First of all, idle_session_timeout is by default 0 i.e. disabled,
there are chances that users may not use that and don't want to set it
just for not caching any foreign server connection. A simple use case
where server level option can be useful is that, users are accessing
foreign tables (may be not that frequently, once in a while) from a
long running local session using foreign servers and they don't want
to keep the local session cache those connections, then setting this
server level option, keep_connections to false makes their life
easier, without having to depend on setting idle_session_timeout on
the remote server.

And, just using idle_session_timeout on a remote server may not help
us completely. Because the remote session may go away, while we are
still using that cached connection in an explicit txn on the local
session. Our connection retry will also not work because we are in the
middle of an xact, so the local explicit txn gets aborted.

So, IMO, we can still have both server level option as well as
postgres_fdw contrib level GUC (to tell the local session that "I
don't want to keep any foreign connections active" instead of setting
keep_connection server level option for each foreign server).

> Sorry I've not read the past long discussion about this feature. If there is the consensus that these options are
stillnecessary and useful even when we have idle_session_timeout, please correct me. 
>
> ISTM that it's intuitive (at least for me) to add this kind of option into the foreign server. But I'm not sure if
it'sgood idea to expose the option as GUC. Also if there is the consensus about this, please correct me. 

See here [1].

[1] - https://www.postgresql.org/message-id/f58d1df4ae58f6cf3bfa560f923462e0%40postgrespro.ru

With Regards,
Bharath Rupireddy.
EnterpriseDB: http://www.enterprisedb.com




On 2021/02/01 16:13, Bharath Rupireddy wrote:
> On Mon, Feb 1, 2021 at 12:29 PM Fujii Masao <masao.fujii@oss.nttdata.com> wrote:
>> On 2021/01/30 9:28, Bharath Rupireddy wrote:
>>> On Sat, Jan 30, 2021 at 12:14 AM Fujii Masao
>>> <masao.fujii@oss.nttdata.com> wrote:
>>>> +                       /*
>>>> +                        * It doesn't make sense to show this entry in the output with a
>>>> +                        * NULL server_name as it will be closed at the xact end.
>>>> +                        */
>>>> +                       continue;
>>>>
>>>> -1 with this change because I still think that it's more useful to list
>>>> all the open connections.
>>>
>>> If postgres_fdw_get_connections doesn't have a "valid" column, then I
>>> thought it's better not showing server_name NULL in the output.
>>
>> Or if we don't have strong reason to remove "valid" column,
>> the current design is enough?
> 
> My only worry was that the statement from [1] "A cache flush should
> not cause user-visible state changes."

If we follow this strictly, I'm afraid that postgres_fdw_get_connections()
itself would also be a problem because the cached connections are affected
by cache flush and postgres_fdw_get_connections() shows that to users.
I'm not sure if removing "valid" column is actually helpful for that statement.

Anyway, for now we have the following options;

(1) keep the feature as it is
(2) remove "valid" column
         (2-1) show NULL for the connection whose server was dropped
    (2-2) show fixed value (e.g., <dropped>) for the connection whose server was dropped
(3) remove "valid" column and don't display connection whose server was dropped
(4) remove postgres_fdw_get_connections()

For now I like (1), but if others think "valid" column should be dropped,
I'm fine with (2).

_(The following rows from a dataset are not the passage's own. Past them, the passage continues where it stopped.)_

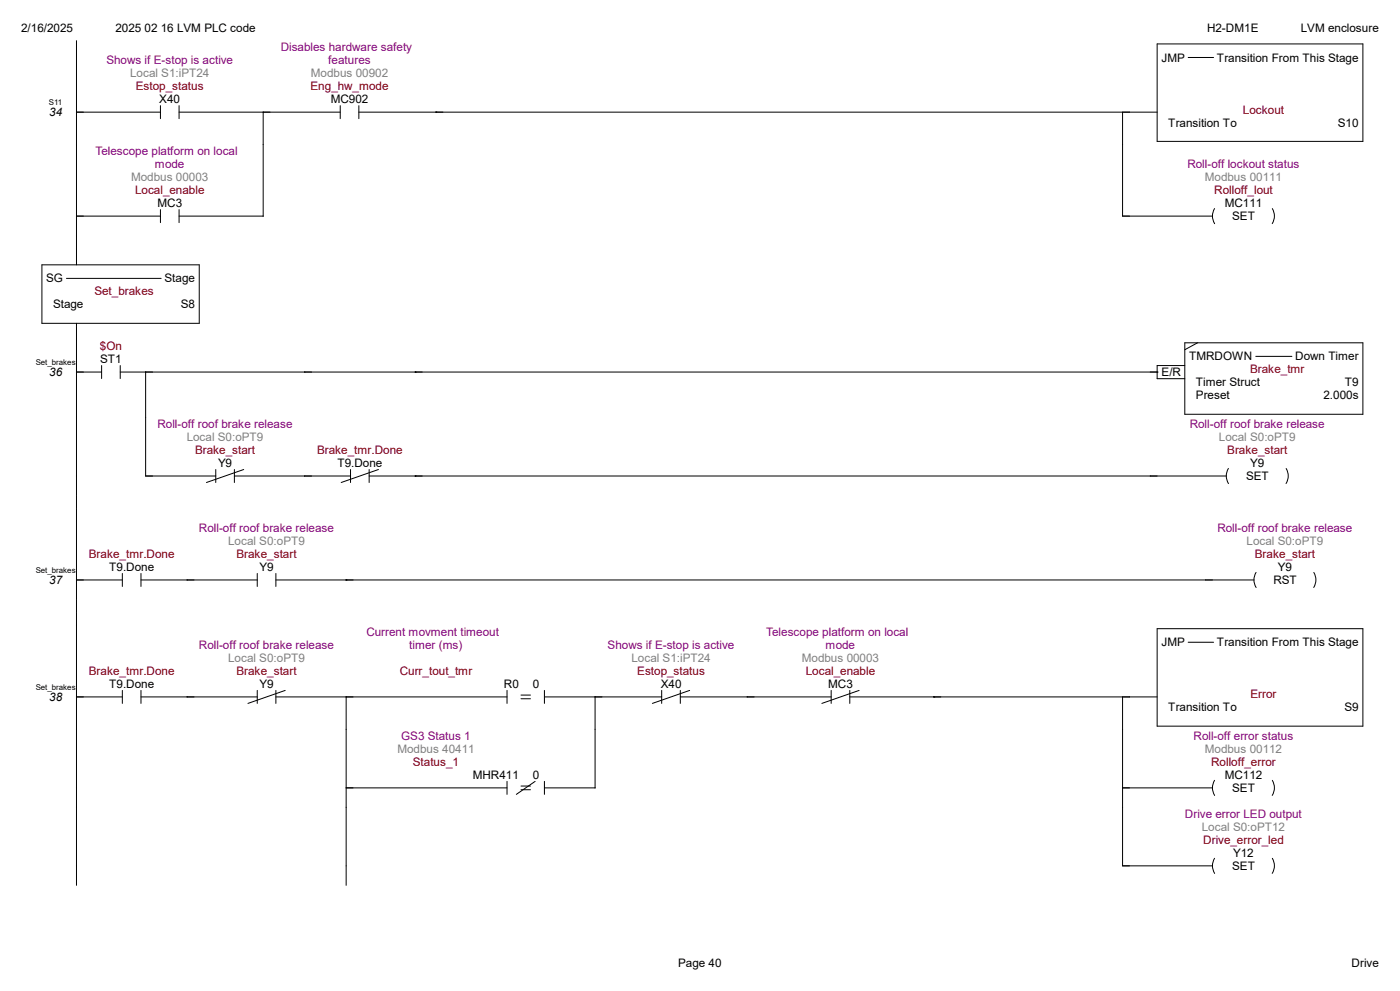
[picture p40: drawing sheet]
<svg xmlns="http://www.w3.org/2000/svg" width="420mm" height="297mm" viewBox="0 0 420 297" stroke-linecap="round" stroke-linejoin="round" font-family="sans-serif">
<defs><g id="words">
<g font-size="3.5">
<text x="6.3" y="9.5">2/16/2025</text>
<text x="34.6" y="9.5">2025 02 16 LVM PLC code</text>
<text x="362.1" y="9.5">H2-DM1E</text>
<text x="390.2" y="9.5">LVM enclosure</text>
<text x="348.4" y="18.5">JMP</text>
<text x="365.1" y="18.5">Transition From This Stage</text>
<text x="14.8" y="34.8">34</text>
<text x="47.8" y="30.9">X40</text>
<text x="99.2" y="30.9">MC902</text>
<text x="350.5" y="37.9">Transition To</text>
<text x="401.4" y="37.9">S10</text>
<text x="47.2" y="62.1">MC3</text>
<text x="367.4" y="62.1">MC111</text>
<text x="369.7" y="66">SET</text>
<text x="13.8" y="84.7">SG</text>
<text x="49.4" y="84.7">Stage</text>
<text x="15.9" y="92.5">Stage</text>
<text x="54.2" y="92.5">S8</text>
<text x="14.8" y="112.7">36</text>
<text x="30.1" y="108.8">ST1</text>
<text x="348.5" y="112.7">E/R</text>
<text x="356.7" y="108">TMRDOWN</text>
<text x="388.6" y="108">Down Timer</text>
<text x="358.8" y="115.8">Timer Struct</text>
<text x="358.8" y="119.7">Preset</text>
<text x="397" y="119.7">2.000s</text>
<text x="403.4" y="115.8">T9</text>
<text x="65.4" y="140">Y9</text>
<text x="101.2" y="140">T9.Done</text>
<text x="373.8" y="143.8">SET</text>
<text x="375.1" y="140">Y9</text>
<text x="32.8" y="171.1">T9.Done</text>
<text x="77.9" y="171.1">Y9</text>
<text x="383.4" y="171.1">Y9</text>
<text x="14.8" y="175">37</text>
<text x="382" y="175">RST</text>
<text x="348.4" y="193.7">JMP</text>
<text x="365.1" y="193.7">Transition From This Stage</text>
<text x="32.8" y="206.2">T9.Done</text>
<text x="77.9" y="206.2">Y9</text>
<text x="151.2" y="206.2">R0</text>
<text x="159.9" y="206.2">0</text>
<text x="198.2" y="206.2">X40</text>
<text x="248.5" y="206.2">MC3</text>
<text x="14.8" y="210.1">38</text>
<text x="350.5" y="213.2">Transition To</text>
<text x="403.3" y="213.2">S9</text>
<text x="141.8" y="233.4">MHR411</text>
<text x="159.9" y="233.4">0</text>
<text x="367.4" y="233.4">MC112</text>
<text x="369.7" y="237.3">SET</text>
<text x="370" y="256.8">Y12</text>
<text x="369.7" y="260.7">SET</text>
<text x="203.5" y="289.9">Page 40</text>
<text x="405.5" y="289.9">Drive</text>
</g>
<g font-size="3.5" fill="#800080">
<text x="84.2" y="15.3">Disables hardware safety</text>
<text x="31.9" y="19.2">Shows if E-stop is active</text>
<text x="98.5" y="19.2">features</text>
<text x="28.6" y="46.5">Telescope platform on local</text>
<text x="46.5" y="50.4">mode</text>
<text x="356.2" y="50.4">Roll-off lockout status</text>
<text x="47.2" y="128.3">Roll-off roof brake release</text>
<text x="356.9" y="128.3">Roll-off roof brake release</text>
<text x="59.7" y="159.4">Roll-off roof brake release</text>
<text x="365.2" y="159.4">Roll-off roof brake release</text>
<text x="109.9" y="190.6">Current movment timeout</text>
<text x="229.8" y="190.6">Telescope platform on local</text>
<text x="59.7" y="194.5">Roll-off roof brake release</text>
<text x="122.8" y="194.5">timer (ms)</text>
<text x="182.3" y="194.5">Shows if E-stop is active</text>
<text x="247.7" y="194.5">mode</text>
<text x="120.4" y="221.7">GS3 Status 1</text>
<text x="358.1" y="221.7">Roll-off error status</text>
<text x="355.5" y="245.1">Drive error LED output</text>
</g>
<g font-size="3.5" fill="#808080">
<text x="39" y="23.1">Local S1:iPT24</text>
<text x="93.3" y="23.1">Modbus 00902</text>
<text x="39.3" y="54.3">Modbus 00003</text>
<text x="361.4" y="54.3">Modbus 00111</text>
<text x="56" y="132.2">Local S0:oPT9</text>
<text x="365.7" y="132.2">Local S0:oPT9</text>
<text x="68.5" y="163.3">Local S0:oPT9</text>
<text x="374" y="163.3">Local S0:oPT9</text>
<text x="68.5" y="198.4">Local S0:oPT9</text>
<text x="189.4" y="198.4">Local S1:iPT24</text>
<text x="240.5" y="198.4">Modbus 00003</text>
<text x="119.2" y="225.6">Modbus 40411</text>
<text x="361.4" y="225.6">Modbus 00112</text>
<text x="360.6" y="249">Local S0:oPT12</text>
</g>
<g font-size="3.5" fill="#800000">
<text x="40.8" y="27">Estop_status</text>
<text x="93.2" y="27">Eng_hw_mode</text>
<text x="372.9" y="34">Lockout</text>
<text x="40.5" y="58.2">Local_enable</text>
<text x="364.3" y="58.2">Rolloff_lout</text>
<text x="28.3" y="88.6">Set_brakes</text>
<text x="30" y="104.9">$On</text>
<text x="375" y="111.9">Brake_tmr</text>
<text x="58.5" y="136.1">Brake_start</text>
<text x="95.1" y="136.1">Brake_tmr.Done</text>
<text x="368.2" y="136.1">Brake_start</text>
<text x="26.7" y="167.2">Brake_tmr.Done</text>
<text x="71" y="167.2">Brake_start</text>
<text x="376.5" y="167.2">Brake_start</text>
<text x="26.7" y="202.3">Brake_tmr.Done</text>
<text x="71" y="202.3">Brake_start</text>
<text x="119.9" y="202.3">Curr_tout_tmr</text>
<text x="191.2" y="202.3">Estop_status</text>
<text x="241.7" y="202.3">Local_enable</text>
<text x="375.1" y="209.3">Error</text>
<text x="123.9" y="229.5">Status_1</text>
<text x="363.3" y="229.5">Rolloff_error</text>
<text x="361" y="252.9">Drive_error_led</text>
</g>
<g font-size="2.4">
<text x="14.7" y="31.5">S11</text>
<text x="10.7" y="109.4">Set_brakes</text>
<text x="10.7" y="171.7">Set_brakes</text>
<text x="10.7" y="206.8">Set_brakes</text>
</g>
</g></defs>
<g fill="none" stroke="#000" stroke-width=".3">
<path d="M22.9 12.2v67.2M347.1 13.2h61.8v29.2h-61.8zM356.4 17.2h7.7M22.9 33.6h25.2M48.1 31.7v3.9M53.7 33.6h48.4M53.7 31.7v3.9M79 33.6v31.2h-25.3M102.1 31.7v3.9M107.7 33.6h239.4M107.7 31.7v3.9M130.8 33.6h.1"/>
<path d="M336.8 33.6v31.2h27M12.6 79.4h47.2v17.5h-47.2zM22.9 64.8h25.2M48.1 62.8v3.9M53.7 62.8v3.9M364.4 62.5a4.3 4.3 0 0 0 0 4.5M381.7 62.5a4.3 4.3 0 0 1 0 4.5M19.9 83.4h28.4M22.9 96.9v1"/>
</g>
<path d="M10.7 107.2h12v2.7h-12z" fill="#fff"/>
<g fill="none" stroke="#000" stroke-width=".3">
<path d="M22.9 97.9v54.5M22.9 111.5h7.6M30.5 109.6v3.9M36.1 111.5h311M36.1 109.6v3.9M43.7 111.5v31.2h21M124.6 111.5h.1M347.1 111.5h.1M355.4 102.7h53.5v21.5h-53.5zM355.4 109.6h-8.3v3.9h8.3M359.3 102.7l-3.9 2.1M376.7 106.8h10.9"/>
<path d="M64.7 140.7v3.9M70.3 142.7h34.9M70.3 140.7v3.9M73.1 140.7l-11.2 3.9M105.2 140.7v3.9M110.7 142.7h257.2M110.7 140.7v3.9M113.5 140.7l-11.1 3.9M124.6 142.7h.1M368.5 140.4a4.3 4.3 0 0 0 0 4.5M385.8 140.4a4.3 4.3 0 0 1 0 4.5"/>
</g>
<path d="M10.7 169.5h12v2.8h-12z" fill="#fff"/>
<path d="M22.9 152.4v31.2M22.9 173.8h13.8M36.7 171.9v3.9M42.3 173.8h34.9M42.3 171.9v3.9M77.2 171.9v3.9M82.8 173.8h293.4M82.8 171.9v3.9M103.8 173.8h.1M376.8 171.6a4.3 4.3 0 0 0 0 4.5M394.1 171.6a4.3 4.3 0 0 1 0 4.5" fill="none" stroke="#000" stroke-width=".3"/>
<path d="M10.7 204.6h12v2.7h-12z" fill="#fff"/>
<g fill="none" stroke="#000" stroke-width=".3">
<path d="M22.9 183.6v81.7M347.1 188.4h61.8v29.2h-61.8zM356.4 192.5h7.7M22.9 208.9h13.8M36.7 206.9v3.9M42.3 208.9h34.9M42.3 206.9v3.9M77.2 206.9v3.9M82.8 208.9h69.3M82.8 206.9v3.9M85.6 206.9l-11.2 3.9M103.8 208.9v56.4"/>
<path d="M152.1 206.9v3.9M156.3 208.3h2.8M156.3 209.4h2.8M163.3 208.9h35.2M163.3 206.9v3.9M178.5 208.9v27.2M198.5 206.9v3.9M204.1 208.9h45.2M204.1 206.9v3.9M206.9 206.9l-11.2 3.9M249.3 206.9v3.9M254.9 208.9h92.2"/>
<path d="M254.9 206.9v3.9M257.7 206.9l-11.2 3.9M280.2 208.9h.1M336.8 208.9v50.6h27M103.8 236.1h48.3M152.1 234.2v3.9M156.3 235.6h2.8M156.3 236.7h2.8M160.5 234.2l-5.6 3.9M163.3 234.2v3.9M163.3 236.1h15.3M336.8 236.1h27"/>
<path d="M364.4 233.9a4.3 4.3 0 0 0 0 4.5M381.7 233.9a4.3 4.3 0 0 1 0 4.5M364.4 257.2a4.3 4.3 0 0 0 0 4.6M381.7 257.2a4.3 4.3 0 0 1 0 4.6"/>
</g>
<g fill="#fff">
<path d="M203.5 286.8h13v3.9h-13z"/>
<path d="M405.5 286.8h8.1v3.9h-8.1z"/>
</g>
<use href="#words"/>
</svg>

But I'd like to avoid (3) because I think that
postgres_fdw_get_connections() should list all the connections that
are actually being established. I have no strong opinion about whether
(2-1) or (2-2) is better, for now.

> But the newly added function
> postgres_fdw_get_connections is VOLATILE which means that the results
> returned by postgres_fdw_get_connections() is also VOLATILE. Isn't
> this enough, so that users will not get surprised with different
> results in case invalidations occur within the server by the time they
> run the query subsequent times and see different results than what
> they saw in the first run?

I'm not sure about this...

Regards,

-- 
Fujii Masao
Advanced Computing Technology Center
Research and Development Headquarters
NTT DATA CORPORATION




On 2021/02/01 16:39, Bharath Rupireddy wrote:
> On Mon, Feb 1, 2021 at 12:43 PM Fujii Masao <masao.fujii@oss.nttdata.com> wrote:
>> On 2021/01/27 10:06, Bharath Rupireddy wrote:
>>> On Tue, Jan 26, 2021 at 8:38 AM Bharath Rupireddy
>>> <bharath.rupireddyforpostgres@gmail.com> wrote:
>>>> I will post "keep_connections" GUC and "keep_connection" server level
>>>> option patches later.
>>>
>>> Attaching v19 patch set for "keep_connections" GUC and
>>> "keep_connection" server level option. Please review them further.
>>
>> These options are no longer necessary because we now support idle_session_timeout? If we want to disconnect the
foreignserver connections that sit on idle to prevent them from eating up the connection capacities in the foriegn
servers,we can just set idle_session_timeout in those foreign servers. If we want to avoid the cluster-wide setting of
idle_session_timeout,we can set that per role. One issue for this approach is that the connection entry remains even
afteridle_session_timeout happens. So postgres_fdw_get_connections() returns that connection even though it's actually
closedby the timeout. Which is confusing. But which doesn't cause any actual problem, right? When the foreign table is
accessedthe next time, that connection entry is dropped, an error is detected, and then new connection will be remade.
 
> 
> First of all, idle_session_timeout is by default 0 i.e. disabled,
> there are chances that users may not use that and don't want to set it
> just for not caching any foreign server connection. A simple use case
> where server level option can be useful is that, users are accessing
> foreign tables (may be not that frequently, once in a while) from a
> long running local session using foreign servers and they don't want
> to keep the local session cache those connections, then setting this
> server level option, keep_connections to false makes their life
> easier, without having to depend on setting idle_session_timeout on
> the remote server.

Thanks for explaining this!

I understand that use case. But I still think that we can use
idle_session_timeout for that use case without keep_connections.
Per the past discussion, Robert seems to prefer controling the cached
connection by timeout rather than boolean, at [1]. Bruce seems to think
that idle_session_timeout is enough for the use case, at [2]. So I'm not
sure what the current consensus is...

Also Alexey seems to have thought that idle_session_timeout is not
suitable for cached connection because it's the cluster-wide option, at [3].
But since it's marked as PGC_USERSET, we can set it per-role, e.g.,
by using ALTER ROLE SET, so that it can affect only the foreign server
connections.

One merit of keep_connections that I found is that we can use it even
when connecting to the older PostgreSQL that doesn't support
idle_session_timeout. Also it seems simpler to use keep_connections
rather than setting idle_session_timeout in multiple remote servers.
So I'm inclined to add this feature, but I'd like to hear more opinions.

[1]
https://www.postgresql.org/message-id/CA%2BTgmob_nF7NkBfVLUhmQ%2Bt8JGVV4hXy%2BzkuMUtTSd-%3DHPBeuA%40mail.gmail.com

[2]
https://www.postgresql.org/message-id/20200714165822.GE7628%40momjian.us

[3]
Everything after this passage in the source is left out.